§ **BRIEF**:
Exactly the lines starting at the line containing "large shiny ball?" and ending at the line containing "Your response must be concise. 1." are to be written out from the listing below, both included.
#####
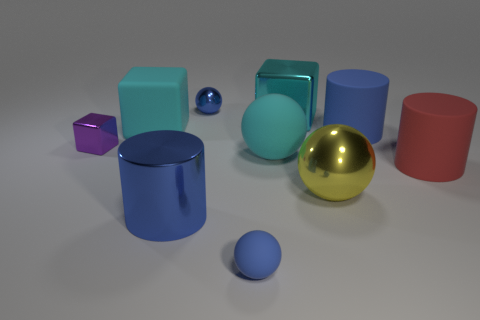What is the size of the shiny thing that is the same color as the big metallic cylinder?
Ensure brevity in your answer.  Small. There is another matte cylinder that is the same size as the red rubber cylinder; what color is it?
Keep it short and to the point. Blue. Does the cyan matte block have the same size as the rubber cylinder behind the red thing?
Ensure brevity in your answer.  Yes. How many large things are the same color as the large shiny ball?
Offer a very short reply. 0. What number of objects are either small gray cylinders or big cylinders to the left of the cyan ball?
Your response must be concise. 1. There is a cylinder behind the big red object; is it the same size as the metallic ball to the right of the large cyan metal thing?
Offer a terse response. Yes. Is there a purple cube made of the same material as the big yellow sphere?
Keep it short and to the point. Yes. There is a yellow shiny object; what shape is it?
Offer a very short reply. Sphere. There is a blue object that is on the right side of the blue sphere in front of the purple metal thing; what shape is it?
Your answer should be very brief. Cylinder. What number of other things are there of the same shape as the small purple object?
Your response must be concise. 2.
#####
§ **WRITTEN RESPONSE**:
Ensure brevity in your answer.  Yes. How many large things are the same color as the large shiny ball?
Offer a very short reply. 0. What number of objects are either small gray cylinders or big cylinders to the left of the cyan ball?
Your response must be concise. 1. There is a cylinder behind the big red object; is it the same size as the metallic ball to the right of the large cyan metal thing?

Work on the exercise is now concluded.